++++ Excerpted data ++++

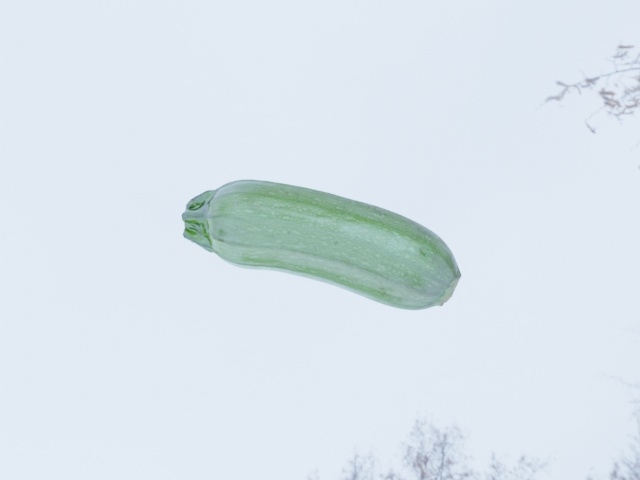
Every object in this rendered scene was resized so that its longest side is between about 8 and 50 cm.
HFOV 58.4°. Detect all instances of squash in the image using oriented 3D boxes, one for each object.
[{"bbox_3d":[0.000,0.000,0.445,0.219,0.068,0.078,12,-99,5],"label":"squash"}]
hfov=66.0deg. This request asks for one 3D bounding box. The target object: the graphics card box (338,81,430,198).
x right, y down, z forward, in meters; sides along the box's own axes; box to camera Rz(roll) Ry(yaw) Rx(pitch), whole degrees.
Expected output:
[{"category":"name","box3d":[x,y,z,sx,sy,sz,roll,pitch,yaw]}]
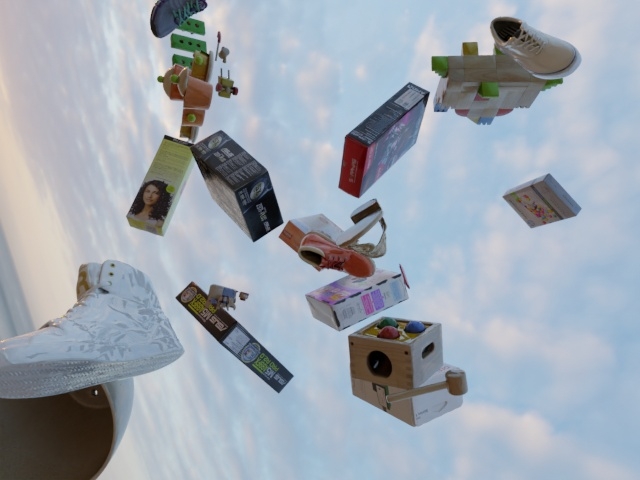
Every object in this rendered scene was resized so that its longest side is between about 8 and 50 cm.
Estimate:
[{"category":"graphics card box","box3d":[0.209,-0.331,1.623,0.094,0.371,0.232,32,-33,19]}]

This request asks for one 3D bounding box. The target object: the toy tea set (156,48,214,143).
[{"category":"toy tea set","box3d":[-0.342,-0.370,1.216,0.336,0.124,0.200,169,-71,-69]}]

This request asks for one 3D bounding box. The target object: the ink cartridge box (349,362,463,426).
[{"category":"ink cartridge box","box3d":[0.197,0.332,1.154,0.219,0.160,0.092,4,-77,57]}]

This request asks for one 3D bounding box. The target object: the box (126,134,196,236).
[{"category":"box","box3d":[-0.364,-0.130,1.150,0.058,0.087,0.232,117,-12,-64]}]

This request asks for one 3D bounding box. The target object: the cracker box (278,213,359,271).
[{"category":"cracker box","box3d":[0.000,0.000,1.431,0.156,0.232,0.067,40,-70,14]}]

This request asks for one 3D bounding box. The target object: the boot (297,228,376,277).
[{"category":"boot","box3d":[0.030,0.040,0.956,0.158,0.084,0.059,24,-64,5]}]

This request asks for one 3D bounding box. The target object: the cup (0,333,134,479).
[{"category":"cup","box3d":[-0.542,0.332,1.063,0.237,0.331,0.331,-58,134,-82]}]

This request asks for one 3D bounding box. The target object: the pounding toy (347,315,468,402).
[{"category":"pounding toy","box3d":[0.153,0.200,0.852,0.206,0.181,0.094,1,-80,37]}]

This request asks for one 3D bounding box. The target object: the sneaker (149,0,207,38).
[{"category":"sneaker","box3d":[-0.366,-0.628,1.322,0.098,0.223,0.083,19,-22,18]}]

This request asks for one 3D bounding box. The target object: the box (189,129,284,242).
[{"category":"box","box3d":[-0.165,-0.109,0.979,0.180,0.077,0.147,42,-22,36]}]

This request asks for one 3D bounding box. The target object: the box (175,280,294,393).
[{"category":"box","box3d":[-0.201,0.232,1.174,0.216,0.060,0.270,29,-20,43]}]

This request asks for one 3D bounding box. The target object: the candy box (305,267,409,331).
[{"category":"candy box","box3d":[0.086,0.135,1.201,0.165,0.196,0.070,9,-62,67]}]

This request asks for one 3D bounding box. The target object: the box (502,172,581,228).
[{"category":"box","box3d":[0.661,-0.115,1.485,0.145,0.038,0.186,46,-18,-6]}]

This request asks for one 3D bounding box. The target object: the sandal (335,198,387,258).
[{"category":"sandal","box3d":[0.092,-0.009,0.872,0.088,0.240,0.079,-31,-80,17]}]

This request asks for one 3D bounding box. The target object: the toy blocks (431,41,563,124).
[{"category":"toy blocks","box3d":[0.530,-0.475,1.591,0.261,0.381,0.190,82,9,-73]}]

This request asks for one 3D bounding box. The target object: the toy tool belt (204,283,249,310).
[{"category":"toy tool belt","box3d":[-0.191,0.122,1.004,0.052,0.083,0.051,88,17,-85]}]

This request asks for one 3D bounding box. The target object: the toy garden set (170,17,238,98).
[{"category":"toy garden set","box3d":[-0.364,-0.556,1.527,0.049,0.204,0.244,-19,-106,53]}]

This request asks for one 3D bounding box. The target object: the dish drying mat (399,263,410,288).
[{"category":"dish drying mat","box3d":[0.262,0.112,1.538,0.032,0.008,0.083,47,22,-43]}]

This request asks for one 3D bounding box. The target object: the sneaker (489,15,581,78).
[{"category":"sneaker","box3d":[0.489,-0.456,1.158,0.094,0.091,0.258,-56,-139,16]}]

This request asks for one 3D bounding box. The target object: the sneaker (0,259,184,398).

++++

Transcribe the full listing above exactly, with the images removed.

**Response area:**
Every object in this rendered scene was resized so that its longest side is between about 8 and 50 cm.
HFOV 58.4°. Detect all instances of squash in the image using oriented 3D boxes, one for each object.
[{"bbox_3d":[0.000,0.000,0.445,0.219,0.068,0.078,12,-99,5],"label":"squash"}]
hfov=66.0deg. This request asks for one 3D bounding box. The target object: the graphics card box (338,81,430,198).
x right, y down, z forward, in meters; sides along the box's own axes; box to camera Rz(roll) Ry(yaw) Rx(pitch), whole degrees.
Expected output:
[{"category":"name","box3d":[x,y,z,sx,sy,sz,roll,pitch,yaw]}]
Every object in this rendered scene was resized so that its longest side is between about 8 and 50 cm.
Estimate:
[{"category":"graphics card box","box3d":[0.209,-0.331,1.623,0.094,0.371,0.232,32,-33,19]}]

This request asks for one 3D bounding box. The target object: the toy tea set (156,48,214,143).
[{"category":"toy tea set","box3d":[-0.342,-0.370,1.216,0.336,0.124,0.200,169,-71,-69]}]

This request asks for one 3D bounding box. The target object: the ink cartridge box (349,362,463,426).
[{"category":"ink cartridge box","box3d":[0.197,0.332,1.154,0.219,0.160,0.092,4,-77,57]}]

This request asks for one 3D bounding box. The target object: the box (126,134,196,236).
[{"category":"box","box3d":[-0.364,-0.130,1.150,0.058,0.087,0.232,117,-12,-64]}]

This request asks for one 3D bounding box. The target object: the cracker box (278,213,359,271).
[{"category":"cracker box","box3d":[0.000,0.000,1.431,0.156,0.232,0.067,40,-70,14]}]

This request asks for one 3D bounding box. The target object: the boot (297,228,376,277).
[{"category":"boot","box3d":[0.030,0.040,0.956,0.158,0.084,0.059,24,-64,5]}]

This request asks for one 3D bounding box. The target object: the cup (0,333,134,479).
[{"category":"cup","box3d":[-0.542,0.332,1.063,0.237,0.331,0.331,-58,134,-82]}]

This request asks for one 3D bounding box. The target object: the pounding toy (347,315,468,402).
[{"category":"pounding toy","box3d":[0.153,0.200,0.852,0.206,0.181,0.094,1,-80,37]}]

This request asks for one 3D bounding box. The target object: the sneaker (149,0,207,38).
[{"category":"sneaker","box3d":[-0.366,-0.628,1.322,0.098,0.223,0.083,19,-22,18]}]

This request asks for one 3D bounding box. The target object: the box (189,129,284,242).
[{"category":"box","box3d":[-0.165,-0.109,0.979,0.180,0.077,0.147,42,-22,36]}]

This request asks for one 3D bounding box. The target object: the box (175,280,294,393).
[{"category":"box","box3d":[-0.201,0.232,1.174,0.216,0.060,0.270,29,-20,43]}]

This request asks for one 3D bounding box. The target object: the candy box (305,267,409,331).
[{"category":"candy box","box3d":[0.086,0.135,1.201,0.165,0.196,0.070,9,-62,67]}]

This request asks for one 3D bounding box. The target object: the box (502,172,581,228).
[{"category":"box","box3d":[0.661,-0.115,1.485,0.145,0.038,0.186,46,-18,-6]}]

This request asks for one 3D bounding box. The target object: the sandal (335,198,387,258).
[{"category":"sandal","box3d":[0.092,-0.009,0.872,0.088,0.240,0.079,-31,-80,17]}]

This request asks for one 3D bounding box. The target object: the toy blocks (431,41,563,124).
[{"category":"toy blocks","box3d":[0.530,-0.475,1.591,0.261,0.381,0.190,82,9,-73]}]

This request asks for one 3D bounding box. The target object: the toy tool belt (204,283,249,310).
[{"category":"toy tool belt","box3d":[-0.191,0.122,1.004,0.052,0.083,0.051,88,17,-85]}]

This request asks for one 3D bounding box. The target object: the toy garden set (170,17,238,98).
[{"category":"toy garden set","box3d":[-0.364,-0.556,1.527,0.049,0.204,0.244,-19,-106,53]}]

This request asks for one 3D bounding box. The target object: the dish drying mat (399,263,410,288).
[{"category":"dish drying mat","box3d":[0.262,0.112,1.538,0.032,0.008,0.083,47,22,-43]}]

This request asks for one 3D bounding box. The target object: the sneaker (489,15,581,78).
[{"category":"sneaker","box3d":[0.489,-0.456,1.158,0.094,0.091,0.258,-56,-139,16]}]

This request asks for one 3D bounding box. The target object: the sneaker (0,259,184,398).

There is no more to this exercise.